[Data entries]
•••••

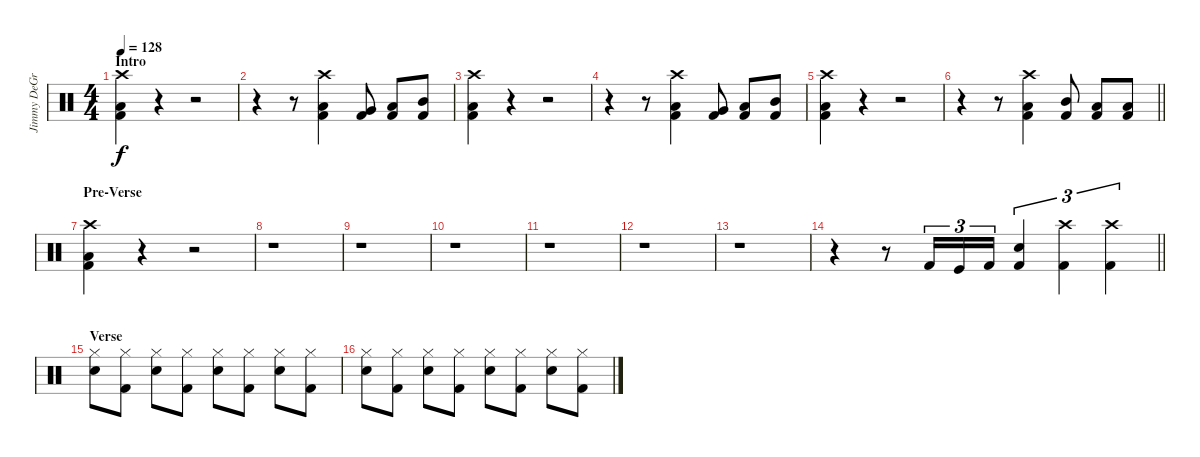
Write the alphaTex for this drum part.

\track ("Jimmy DeGrasso" "Jimmy DeGr") {instrument percussion}
\staff {score}
\articulation defaults
\ts (4 4)
\section ("" "Intro")
\tempo 128
\clef neutral
\ks c
("Crash high (hit)" "Low Floor Tom (hit)" "Kick (hit) 2").4{dy f} r.4 r.2 |
r.4 r.8 ("Crash high (hit)" "Low Floor Tom (hit)" "Kick (hit) 2").4 ("Very Low Tom (hit)" "Kick (hit) 2").8 ("Low Tom (hit)" "Kick (hit) 2").8 ("Mid Tom (hit)" "Kick (hit) 2").8 |
("Crash high (hit)" "Low Floor Tom (hit)" "Kick (hit) 2").4 r.4 r.2 |
r.4 r.8 ("Crash high (hit)" "Low Floor Tom (hit)" "Kick (hit) 2").4 ("Very Low Tom (hit)" "Kick (hit) 2").8 ("Low Tom (hit)" "Kick (hit) 2").8 ("Mid Tom (hit)" "Kick (hit) 2").8 |
("Crash high (hit)" "Low Floor Tom (hit)" "Kick (hit) 2").4 r.4 r.2 |
\barLineRight lightlight
r.4 r.8 ("Crash high (hit)" "Low Floor Tom (hit)" "Kick (hit) 2").4 ("Mid Tom (hit)" "Kick (hit) 2").8 ("Low Tom (hit)" "Kick (hit) 2").8 ("Low Floor Tom (hit)" "Kick (hit) 2").8 |
\section ("" "Pre-Verse")
("Crash high (hit)" "Low Floor Tom (hit)" "Kick (hit) 2").4 r.4 r.2 |
r.1 |
r.1 |
r.1 |
r.1 |
r.1 |
r.1 |
\barLineRight lightlight
r.4 r.8 "Kick (hit) 2".16{tu (3 2)} "Kick (hit)".16{tu (3 2)} "Kick (hit) 2".16{tu (3 2)} ("Snare (hit) 2" "Kick (hit) 2").4{tu (3 2)} ("Crash high (hit)" "Kick (hit) 2").4{tu (3 2)} ("Crash high (hit)" "Kick (hit) 2").4{tu (3 2)} |
\section ("" "Verse")
("Hi-Hat (closed)" "Snare (hit) 2").8 ("Hi-Hat (closed)" "Kick (hit) 2").8 ("Hi-Hat (closed)" "Snare (hit) 2").8 ("Hi-Hat (closed)" "Kick (hit) 2").8 ("Hi-Hat (closed)" "Snare (hit) 2").8 ("Hi-Hat (closed)" "Kick (hit) 2").8 ("Hi-Hat (closed)" "Snare (hit) 2").8 ("Hi-Hat (closed)" "Kick (hit) 2").8 |
("Hi-Hat (closed)" "Snare (hit) 2").8 ("Hi-Hat (closed)" "Kick (hit) 2").8 ("Hi-Hat (closed)" "Snare (hit) 2").8 ("Hi-Hat (closed)" "Kick (hit) 2").8 ("Hi-Hat (closed)" "Snare (hit) 2").8 ("Hi-Hat (closed)" "Kick (hit) 2").8 ("Hi-Hat (closed)" "Snare (hit) 2").8 ("Hi-Hat (closed)" "Kick (hit) 2").8
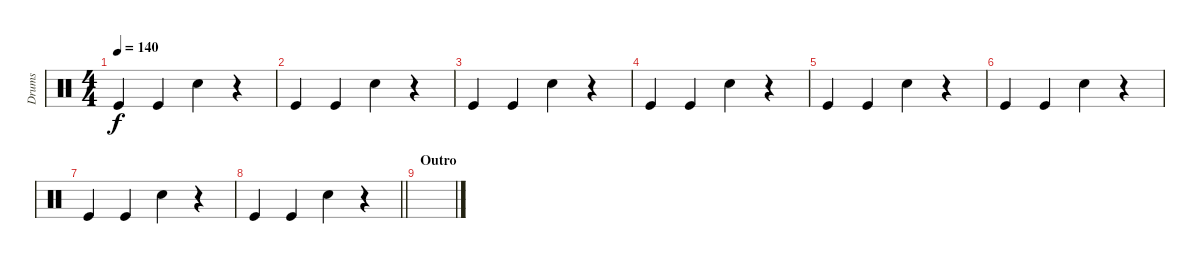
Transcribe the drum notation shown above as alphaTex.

\track ("Drums" "Drums") {instrument percussion}
\staff {score}
\articulation defaults
\ts (4 4)
\tempo 140
\clef neutral
\ks c "Kick (hit)".4{dy f} "Kick (hit)".4 "Snare (hit) 2".4
r.4 |
"Kick (hit)".4 "Kick (hit)".4 "Snare (hit) 2".4 r.4 |
"Kick (hit)".4 "Kick (hit)".4 "Snare (hit) 2".4 r.4 |
"Kick (hit)".4 "Kick (hit)".4 "Snare (hit) 2".4 r.4 |
"Kick (hit)".4 "Kick (hit)".4 "Snare (hit) 2".4 r.4 |
"Kick (hit)".4 "Kick (hit)".4 "Snare (hit) 2".4 r.4 |
"Kick (hit)".4 "Kick (hit)".4 "Snare (hit) 2".4 r.4 |
\barLineRight lightlight "Kick (hit)".4 "Kick (hit)".4 "Snare (hit) 2".4
r.4 |
\section ("" "Outro")
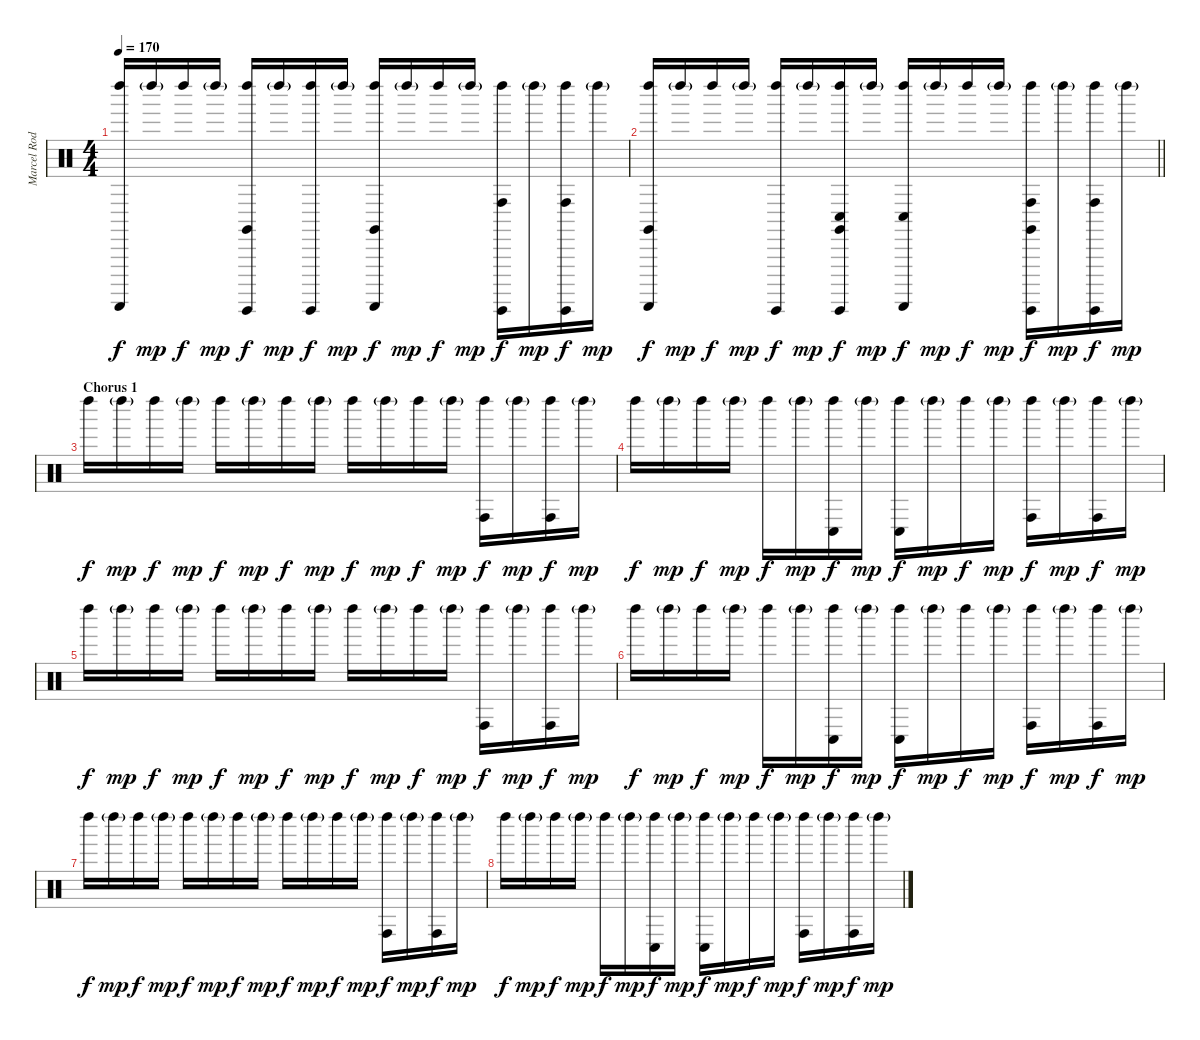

•••••

About this task:
Repeat the data word for word. Images are not part of the copy.

Task solution:
Write the alphaTex for this drum part.

\track ("Jimmy DeGrasso" "Jimmy DeGr") {instrument percussion}
\staff {score}
\articulation defaults
\ts (4 4)
\section ("" "Intro")
\tempo 128
\clef neutral
\ks c
("Crash high (hit)" "Low Floor Tom (hit)" "Kick (hit) 2").4{dy f} r.4 r.2 |
r.4 r.8 ("Crash high (hit)" "Low Floor Tom (hit)" "Kick (hit) 2").4 ("Very Low Tom (hit)" "Kick (hit) 2").8 ("Low Tom (hit)" "Kick (hit) 2").8 ("Mid Tom (hit)" "Kick (hit) 2").8 |
("Crash high (hit)" "Low Floor Tom (hit)" "Kick (hit) 2").4 r.4 r.2 |
r.4 r.8 ("Crash high (hit)" "Low Floor Tom (hit)" "Kick (hit) 2").4 ("Very Low Tom (hit)" "Kick (hit) 2").8 ("Low Tom (hit)" "Kick (hit) 2").8 ("Mid Tom (hit)" "Kick (hit) 2").8 |
("Crash high (hit)" "Low Floor Tom (hit)" "Kick (hit) 2").4 r.4 r.2 |
\barLineRight lightlight
r.4 r.8 ("Crash high (hit)" "Low Floor Tom (hit)" "Kick (hit) 2").4 ("Mid Tom (hit)" "Kick (hit) 2").8 ("Low Tom (hit)" "Kick (hit) 2").8 ("Low Floor Tom (hit)" "Kick (hit) 2").8 |
\section ("" "Pre-Verse")
("Crash high (hit)" "Low Floor Tom (hit)" "Kick (hit) 2").4 r.4 r.2 |
r.1 |
r.1 |
r.1 |
r.1 |
r.1 |
r.1 |
\barLineRight lightlight
r.4 r.8 "Kick (hit) 2".16{tu (3 2)} "Kick (hit)".16{tu (3 2)} "Kick (hit) 2".16{tu (3 2)} ("Snare (hit) 2" "Kick (hit) 2").4{tu (3 2)} ("Crash high (hit)" "Kick (hit) 2").4{tu (3 2)} ("Crash high (hit)" "Kick (hit) 2").4{tu (3 2)} |
\section ("" "Verse")
("Hi-Hat (closed)" "Snare (hit) 2").8 ("Hi-Hat (closed)" "Kick (hit) 2").8 ("Hi-Hat (closed)" "Snare (hit) 2").8 ("Hi-Hat (closed)" "Kick (hit) 2").8 ("Hi-Hat (closed)" "Snare (hit) 2").8 ("Hi-Hat (closed)" "Kick (hit) 2").8 ("Hi-Hat (closed)" "Snare (hit) 2").8 ("Hi-Hat (closed)" "Kick (hit) 2").8 |
("Hi-Hat (closed)" "Snare (hit) 2").8 ("Hi-Hat (closed)" "Kick (hit) 2").8 ("Hi-Hat (closed)" "Snare (hit) 2").8 ("Hi-Hat (closed)" "Kick (hit) 2").8 ("Hi-Hat (closed)" "Snare (hit) 2").8 ("Hi-Hat (closed)" "Kick (hit) 2").8 ("Hi-Hat (closed)" "Snare (hit) 2").8 ("Hi-Hat (closed)" "Kick (hit) 2").8
Transcribe the drum notation shown above as alphaTex.

\track ("Drums" "Drums") {instrument percussion}
\staff {score}
\articulation defaults
\ts (4 4)
\tempo 140
\clef neutral
\ks c "Kick (hit)".4{dy f} "Kick (hit)".4 "Snare (hit) 2".4
r.4 |
"Kick (hit)".4 "Kick (hit)".4 "Snare (hit) 2".4 r.4 |
"Kick (hit)".4 "Kick (hit)".4 "Snare (hit) 2".4 r.4 |
"Kick (hit)".4 "Kick (hit)".4 "Snare (hit) 2".4 r.4 |
"Kick (hit)".4 "Kick (hit)".4 "Snare (hit) 2".4 r.4 |
"Kick (hit)".4 "Kick (hit)".4 "Snare (hit) 2".4 r.4 |
"Kick (hit)".4 "Kick (hit)".4 "Snare (hit) 2".4 r.4 |
\barLineRight lightlight "Kick (hit)".4 "Kick (hit)".4 "Snare (hit) 2".4
r.4 |
\section ("" "Outro")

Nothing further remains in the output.